Ink Painting Course: The Experience Of Structured Learning

The Mo Shui Hua Ke Cheng of An Jiu Jing usually begins in silence. Paper on the table. Ink breathing in a small dish. Lesson one is not normally about beauty. It’s about control. Or better to say lose control in a controlled fashion. You get to know the behavior of ink before attempting to control it. Compare class packages and more details are available inside.

The early classes are tool-oriented. Brushes with personalities. Some snap back like elastic. Others melt into the paper. You practice holding the brush erectly. That alone feels awkward. Similar to how I was taught to eat with chopsticks once more. Teachers usually say, Let the wrist drop. Easier said than done.

Then come lines. Straight lines. Crooked lines. Lines that shake since your hand is jittery. This part humbles everyone. You make strokes, strokes in a row. Five minutes it is tedious. Then something clicks. The line begins to listen to you.

Ink dilution follows. Water joins in the conversation. Excessively, and the ink is gossipy. Too little, and it sulks. This is gradually disintegrated in a structured class. No rush. One shade at a time. Light grey today. Deeper tones next week.

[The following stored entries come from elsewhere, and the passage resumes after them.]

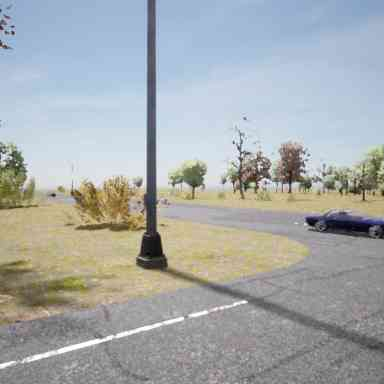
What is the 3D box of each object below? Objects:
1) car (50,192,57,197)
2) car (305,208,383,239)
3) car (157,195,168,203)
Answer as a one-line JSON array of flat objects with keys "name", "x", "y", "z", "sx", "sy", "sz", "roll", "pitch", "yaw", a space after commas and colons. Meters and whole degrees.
[{"name": "car", "x": -33.666, "y": 0.636, "z": 79.933, "sx": 1.895, "sy": 1.301, "sz": 4.718, "roll": -1, "pitch": 1, "yaw": -28}, {"name": "car", "x": 8.434, "y": 1.552, "z": 17.321, "sx": 1.895, "sy": 1.301, "sz": 4.718, "roll": -1, "pitch": 1, "yaw": -35}, {"name": "car", "x": -5.569, "y": 1.070, "z": 49.318, "sx": 1.895, "sy": 1.301, "sz": 4.718, "roll": -1, "pitch": 1, "yaw": -35}]
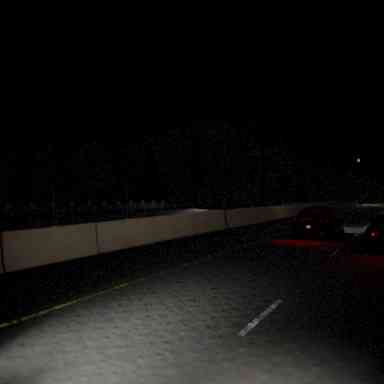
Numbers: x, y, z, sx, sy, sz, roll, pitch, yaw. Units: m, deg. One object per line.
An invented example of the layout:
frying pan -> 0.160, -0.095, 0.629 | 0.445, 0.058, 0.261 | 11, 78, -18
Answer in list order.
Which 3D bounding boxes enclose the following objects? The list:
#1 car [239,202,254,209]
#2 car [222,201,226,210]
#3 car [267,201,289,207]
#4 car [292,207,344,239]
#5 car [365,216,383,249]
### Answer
car -> 8.842, 1.856, 47.292 | 1.882, 1.535, 5.008 | 0, -1, 32
car -> 5.894, 1.865, 49.180 | 2.128, 1.511, 4.902 | 0, -1, 32
car -> 11.804, 1.980, 45.428 | 2.033, 1.411, 5.357 | 0, -1, 32
car -> 6.875, 1.531, 17.904 | 1.882, 1.535, 5.008 | 0, 0, 32
car -> 8.560, 1.638, 14.028 | 1.895, 1.301, 4.718 | 0, 0, 32
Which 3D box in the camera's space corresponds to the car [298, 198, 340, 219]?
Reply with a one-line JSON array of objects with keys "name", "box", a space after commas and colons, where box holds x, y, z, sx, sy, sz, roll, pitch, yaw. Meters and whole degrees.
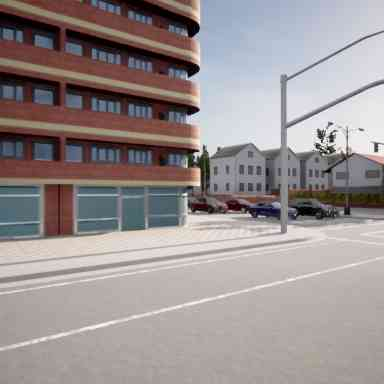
[{"name": "car", "box": [10.457, 1.352, 29.098, 2.097, 1.767, 4.553, 0, 0, -35]}]

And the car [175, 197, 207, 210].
[{"name": "car", "box": [-0.181, 1.505, 44.458, 1.837, 1.490, 4.892, 0, 0, -35]}]

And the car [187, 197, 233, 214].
[{"name": "car", "box": [1.825, 1.352, 35.399, 2.097, 1.767, 4.553, 0, 0, -34]}]

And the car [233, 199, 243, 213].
[{"name": "car", "box": [5.203, 1.478, 36.672, 1.882, 1.535, 5.008, 0, 0, -35]}]

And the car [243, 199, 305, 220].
[{"name": "car", "box": [6.823, 1.526, 28.204, 1.812, 1.442, 4.674, 0, 0, -35]}]
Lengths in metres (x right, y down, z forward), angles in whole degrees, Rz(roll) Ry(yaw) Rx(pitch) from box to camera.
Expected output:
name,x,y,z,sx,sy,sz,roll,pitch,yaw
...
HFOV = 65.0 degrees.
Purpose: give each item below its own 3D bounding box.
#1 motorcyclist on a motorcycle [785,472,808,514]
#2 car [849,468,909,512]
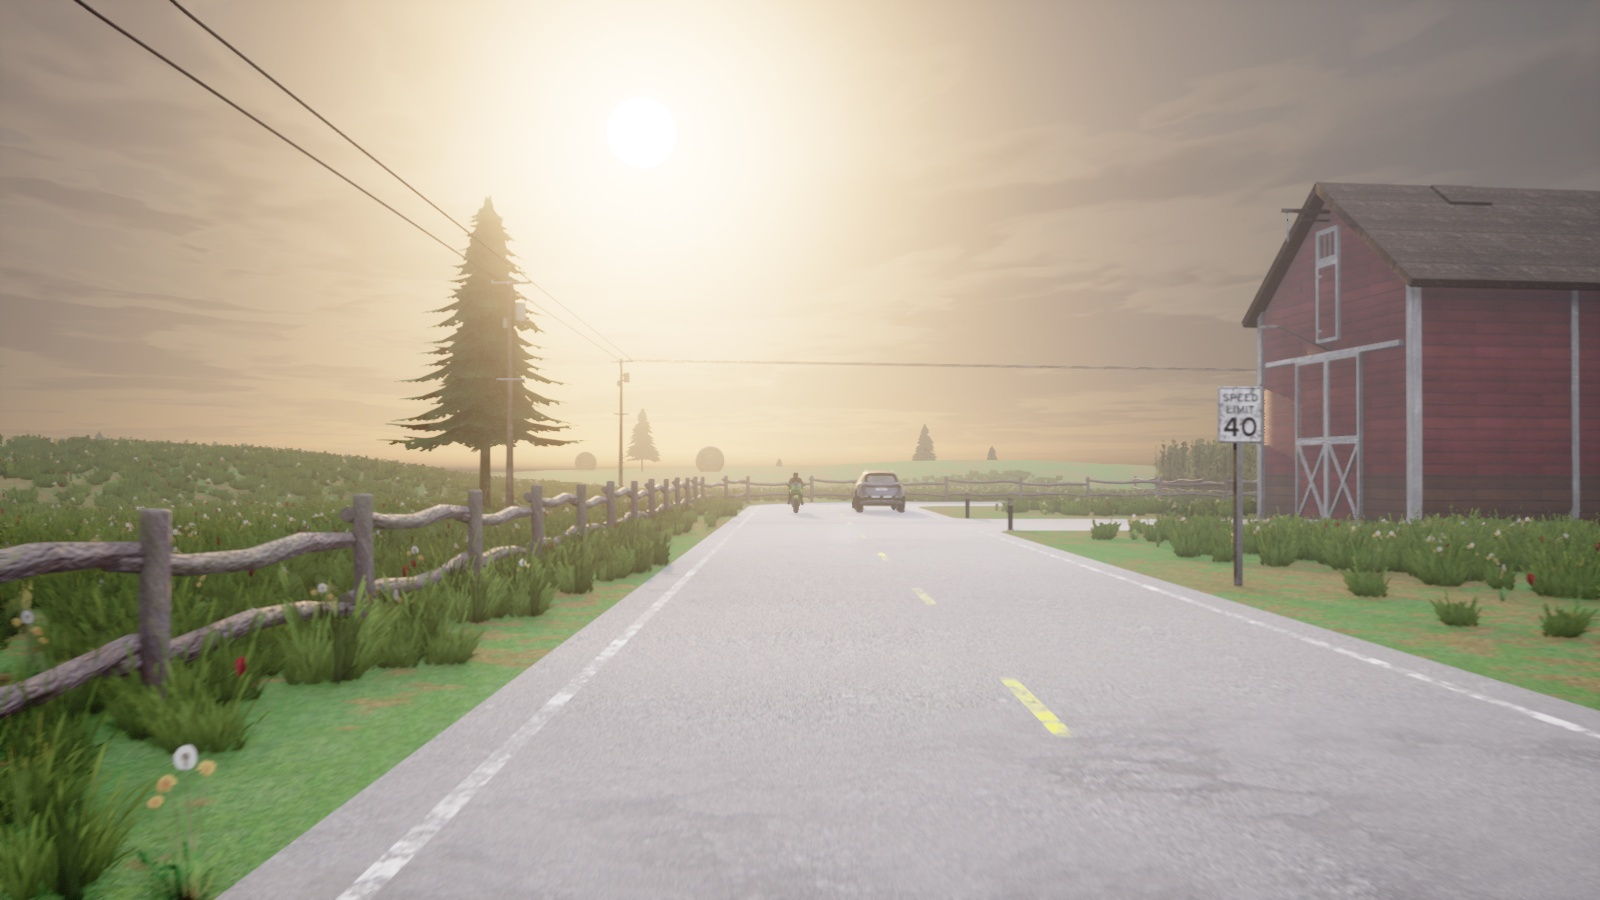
name,x,y,z,sx,sy,sz,roll,pitch,yaw
motorcyclist on a motorcycle,-0.133,1.570,46.166,0.797,1.523,2.044,0,-1,-1
car,3.077,1.566,49.777,2.033,1.649,4.856,0,-1,0

Subjects appear gradually. Bamboo. Rocks. Orchids. Not because they are pretty but because they are disciplining. Bamboo trains rhythm. Rocks teach weight. Flowers test patience. When the leaf is painted too fast, it is dead. A painted leaf is a living thing.

Mistakes are frequent. Ink does not forgive. There’s no eraser. That’s the point. Students usually laugh when a mountain resembles a potato. Humor becomes survival. Everyone messes up. Even the confident ones.

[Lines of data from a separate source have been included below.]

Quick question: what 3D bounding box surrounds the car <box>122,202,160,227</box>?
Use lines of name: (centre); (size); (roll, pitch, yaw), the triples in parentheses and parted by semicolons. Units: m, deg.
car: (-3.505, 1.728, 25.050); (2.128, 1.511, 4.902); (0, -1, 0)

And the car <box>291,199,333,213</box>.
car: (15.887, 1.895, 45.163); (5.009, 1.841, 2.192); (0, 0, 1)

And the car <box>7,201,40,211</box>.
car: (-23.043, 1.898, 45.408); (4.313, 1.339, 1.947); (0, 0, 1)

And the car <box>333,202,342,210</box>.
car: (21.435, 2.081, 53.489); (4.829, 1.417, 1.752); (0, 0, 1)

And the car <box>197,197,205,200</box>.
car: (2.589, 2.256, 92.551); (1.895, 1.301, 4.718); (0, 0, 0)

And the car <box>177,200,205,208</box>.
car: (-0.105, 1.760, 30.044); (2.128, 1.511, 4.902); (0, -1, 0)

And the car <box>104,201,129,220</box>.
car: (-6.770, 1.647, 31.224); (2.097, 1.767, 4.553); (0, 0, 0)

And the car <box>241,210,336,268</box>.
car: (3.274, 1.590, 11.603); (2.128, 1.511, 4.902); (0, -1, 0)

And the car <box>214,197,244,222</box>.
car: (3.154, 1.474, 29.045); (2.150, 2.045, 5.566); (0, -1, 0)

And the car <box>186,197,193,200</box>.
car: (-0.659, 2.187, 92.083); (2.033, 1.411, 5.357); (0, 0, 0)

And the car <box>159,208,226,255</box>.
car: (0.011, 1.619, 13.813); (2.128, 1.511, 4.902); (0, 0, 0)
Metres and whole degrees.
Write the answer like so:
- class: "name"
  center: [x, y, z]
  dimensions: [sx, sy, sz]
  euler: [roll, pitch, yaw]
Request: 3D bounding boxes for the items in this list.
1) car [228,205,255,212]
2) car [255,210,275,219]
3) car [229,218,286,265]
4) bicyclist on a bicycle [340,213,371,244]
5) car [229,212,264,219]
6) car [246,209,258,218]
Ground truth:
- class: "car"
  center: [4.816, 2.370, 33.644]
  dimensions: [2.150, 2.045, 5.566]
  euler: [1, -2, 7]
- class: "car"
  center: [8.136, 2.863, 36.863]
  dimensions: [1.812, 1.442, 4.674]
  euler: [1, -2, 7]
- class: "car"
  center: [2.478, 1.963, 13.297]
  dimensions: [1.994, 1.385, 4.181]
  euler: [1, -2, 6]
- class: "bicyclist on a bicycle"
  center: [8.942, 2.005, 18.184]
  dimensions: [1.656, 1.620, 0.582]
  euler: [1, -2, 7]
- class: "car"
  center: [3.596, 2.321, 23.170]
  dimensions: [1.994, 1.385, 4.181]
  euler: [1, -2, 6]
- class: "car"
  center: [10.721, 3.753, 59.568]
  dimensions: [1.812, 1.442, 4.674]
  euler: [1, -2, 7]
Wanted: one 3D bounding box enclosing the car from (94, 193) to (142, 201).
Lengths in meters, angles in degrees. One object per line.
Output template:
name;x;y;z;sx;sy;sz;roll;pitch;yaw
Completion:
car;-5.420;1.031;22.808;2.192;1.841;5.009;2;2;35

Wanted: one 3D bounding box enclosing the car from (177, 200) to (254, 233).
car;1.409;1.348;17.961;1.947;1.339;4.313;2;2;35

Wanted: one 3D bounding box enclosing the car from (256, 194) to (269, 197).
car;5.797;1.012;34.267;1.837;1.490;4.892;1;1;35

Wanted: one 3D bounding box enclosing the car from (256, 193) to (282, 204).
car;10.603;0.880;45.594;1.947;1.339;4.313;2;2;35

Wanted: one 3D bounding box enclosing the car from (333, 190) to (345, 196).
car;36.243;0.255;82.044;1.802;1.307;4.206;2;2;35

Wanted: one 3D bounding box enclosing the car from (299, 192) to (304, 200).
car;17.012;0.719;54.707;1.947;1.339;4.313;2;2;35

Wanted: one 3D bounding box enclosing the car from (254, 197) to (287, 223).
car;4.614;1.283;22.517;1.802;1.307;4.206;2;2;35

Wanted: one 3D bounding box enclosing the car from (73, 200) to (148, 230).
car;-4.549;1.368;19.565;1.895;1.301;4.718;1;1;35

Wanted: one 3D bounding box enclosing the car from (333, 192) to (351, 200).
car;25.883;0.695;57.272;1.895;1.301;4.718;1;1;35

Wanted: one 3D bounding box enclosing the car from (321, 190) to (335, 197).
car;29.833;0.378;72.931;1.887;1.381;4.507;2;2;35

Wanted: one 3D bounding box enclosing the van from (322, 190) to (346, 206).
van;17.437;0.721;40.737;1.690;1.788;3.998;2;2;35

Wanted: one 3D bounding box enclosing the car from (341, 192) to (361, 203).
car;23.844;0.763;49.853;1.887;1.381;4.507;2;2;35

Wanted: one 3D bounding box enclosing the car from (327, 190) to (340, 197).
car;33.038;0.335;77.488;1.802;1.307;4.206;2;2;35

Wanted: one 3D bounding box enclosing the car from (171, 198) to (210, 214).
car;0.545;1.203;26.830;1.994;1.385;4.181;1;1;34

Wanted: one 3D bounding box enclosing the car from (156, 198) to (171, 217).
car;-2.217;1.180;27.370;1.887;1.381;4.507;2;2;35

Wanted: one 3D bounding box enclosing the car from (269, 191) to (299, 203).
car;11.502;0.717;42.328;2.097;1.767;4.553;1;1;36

Critique meetings may be stinging and helpful. Feedback is specific. “This stroke hesitates.” “This space feels crowded.” Nobody sugarcoats. Enhancement relies on integrity. With time, you get to know how to identify problems before others.

The lapses of weeks make freedom structure. Muscles are built up by repetition. Rules start to bend. You paint faster. Then slower. You experiment. Man will one day have your brush do what your mind fancied.